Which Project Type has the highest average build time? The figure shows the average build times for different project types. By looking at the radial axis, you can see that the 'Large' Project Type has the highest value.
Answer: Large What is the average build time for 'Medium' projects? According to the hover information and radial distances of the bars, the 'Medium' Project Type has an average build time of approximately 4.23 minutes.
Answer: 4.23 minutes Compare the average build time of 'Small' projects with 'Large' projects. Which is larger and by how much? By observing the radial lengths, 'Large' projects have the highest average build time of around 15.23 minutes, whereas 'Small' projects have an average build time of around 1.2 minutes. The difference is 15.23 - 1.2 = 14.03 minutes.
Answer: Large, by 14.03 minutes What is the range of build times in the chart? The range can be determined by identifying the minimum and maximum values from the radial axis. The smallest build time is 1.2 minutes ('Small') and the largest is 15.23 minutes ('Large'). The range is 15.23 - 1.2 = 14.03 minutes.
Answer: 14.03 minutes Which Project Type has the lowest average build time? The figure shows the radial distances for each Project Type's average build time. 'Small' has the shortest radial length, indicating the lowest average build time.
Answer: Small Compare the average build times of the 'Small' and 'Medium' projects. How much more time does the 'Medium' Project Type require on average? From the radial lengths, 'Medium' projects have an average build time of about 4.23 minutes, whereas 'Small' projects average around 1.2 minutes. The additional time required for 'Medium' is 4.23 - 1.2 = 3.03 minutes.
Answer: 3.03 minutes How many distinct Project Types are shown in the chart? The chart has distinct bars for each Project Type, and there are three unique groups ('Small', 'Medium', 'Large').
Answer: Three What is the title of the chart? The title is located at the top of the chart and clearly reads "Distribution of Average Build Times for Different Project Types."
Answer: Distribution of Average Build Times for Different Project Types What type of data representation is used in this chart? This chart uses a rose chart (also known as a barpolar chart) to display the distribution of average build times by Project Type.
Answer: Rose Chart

════════

Requirement:
The whole listing above is to be output exactly.

Answer space:
Which Project Type has the highest average build time? The figure shows the average build times for different project types. By looking at the radial axis, you can see that the 'Large' Project Type has the highest value.
Answer: Large What is the average build time for 'Medium' projects? According to the hover information and radial distances of the bars, the 'Medium' Project Type has an average build time of approximately 4.23 minutes.
Answer: 4.23 minutes Compare the average build time of 'Small' projects with 'Large' projects. Which is larger and by how much? By observing the radial lengths, 'Large' projects have the highest average build time of around 15.23 minutes, whereas 'Small' projects have an average build time of around 1.2 minutes. The difference is 15.23 - 1.2 = 14.03 minutes.
Answer: Large, by 14.03 minutes What is the range of build times in the chart? The range can be determined by identifying the minimum and maximum values from the radial axis. The smallest build time is 1.2 minutes ('Small') and the largest is 15.23 minutes ('Large'). The range is 15.23 - 1.2 = 14.03 minutes.
Answer: 14.03 minutes Which Project Type has the lowest average build time? The figure shows the radial distances for each Project Type's average build time. 'Small' has the shortest radial length, indicating the lowest average build time.
Answer: Small Compare the average build times of the 'Small' and 'Medium' projects. How much more time does the 'Medium' Project Type require on average? From the radial lengths, 'Medium' projects have an average build time of about 4.23 minutes, whereas 'Small' projects average around 1.2 minutes. The additional time required for 'Medium' is 4.23 - 1.2 = 3.03 minutes.
Answer: 3.03 minutes How many distinct Project Types are shown in the chart? The chart has distinct bars for each Project Type, and there are three unique groups ('Small', 'Medium', 'Large').
Answer: Three What is the title of the chart? The title is located at the top of the chart and clearly reads "Distribution of Average Build Times for Different Project Types."
Answer: Distribution of Average Build Times for Different Project Types What type of data representation is used in this chart? This chart uses a rose chart (also known as a barpolar chart) to display the distribution of average build times by Project Type.
Answer: Rose Chart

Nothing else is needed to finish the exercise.